Bottom-Up Cube Computation for Sparse Cubes and Cube Subsets
Kevin Beyer* |       | Raghu Ramakrishnan |
University of Wisconsin - Madison |       | University of Wisconsin - Madison |
beyer@cs.wisc.edu |       | raghu@cs.wisc.edu |
We present a new algorithm (BUC) for minsup-cube computation. BUC builds the CUBE bottom-up; i.e., it builds the CUBE by starting from a group-by on a single attribute, then a group-by on a pair of attributes, then a group-by on three attributes, and so on. This is the opposite of all techniques proposed earlier for computing the CUBE, and has an important practical advantage: BUC can avoid computing the larger group-bys that do not meet minimum support. The pruning in BUC is similar to the pruning in the Apriori algorithm for association rules, except that BUC trades some pruning for locality of reference and reduced memory requirements. BUC uses the same pruning strategy when computing sparse, complete CUBEs.
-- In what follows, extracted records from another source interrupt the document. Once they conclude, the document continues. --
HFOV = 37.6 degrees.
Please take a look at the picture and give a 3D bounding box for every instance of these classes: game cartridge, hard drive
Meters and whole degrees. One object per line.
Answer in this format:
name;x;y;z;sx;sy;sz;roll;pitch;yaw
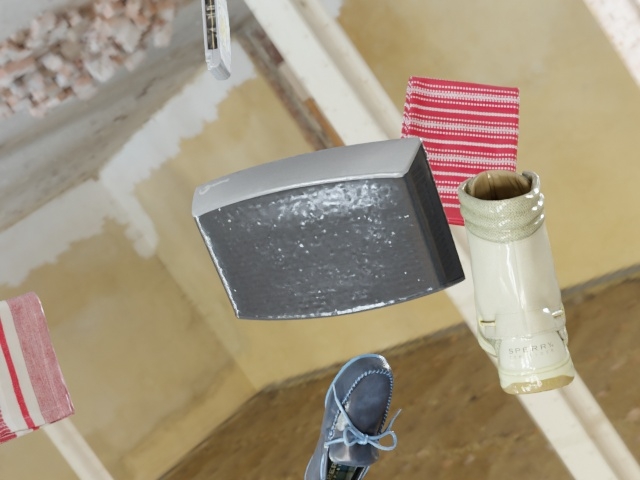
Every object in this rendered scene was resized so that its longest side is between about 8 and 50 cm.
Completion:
game cartridge;-0.092;-0.187;0.831;0.017;0.083;0.056;-4;176;1
hard drive;0.000;0.000;0.936;0.254;0.172;0.054;-10;-157;26

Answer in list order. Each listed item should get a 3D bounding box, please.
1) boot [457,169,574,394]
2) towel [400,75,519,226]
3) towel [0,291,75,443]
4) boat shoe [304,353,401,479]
boot;0.159;0.020;0.792;0.077;0.165;0.213;-12;-171;8
towel;0.230;-0.148;1.565;0.031;0.198;0.275;94;3;-68
towel;-0.585;0.237;1.581;0.037;0.237;0.329;-19;179;42
boat shoe;0.051;0.273;1.259;0.109;0.258;0.089;3;-149;-15

We present a thorough performance evaluation over a broad range of workloads. Our evaluation demonstrates that (in contrast to earlier assumptions) minimizing the aggregations or the number of sorts is not the most important aspect of the sparse CUBE problem. The pruning in BUC, combined with an efficient sort method, enables BUC to outperform all previous algorithms for sparse CUBEs, even for computing entire CUBEs, and to dramatically improve minsup-cube computation.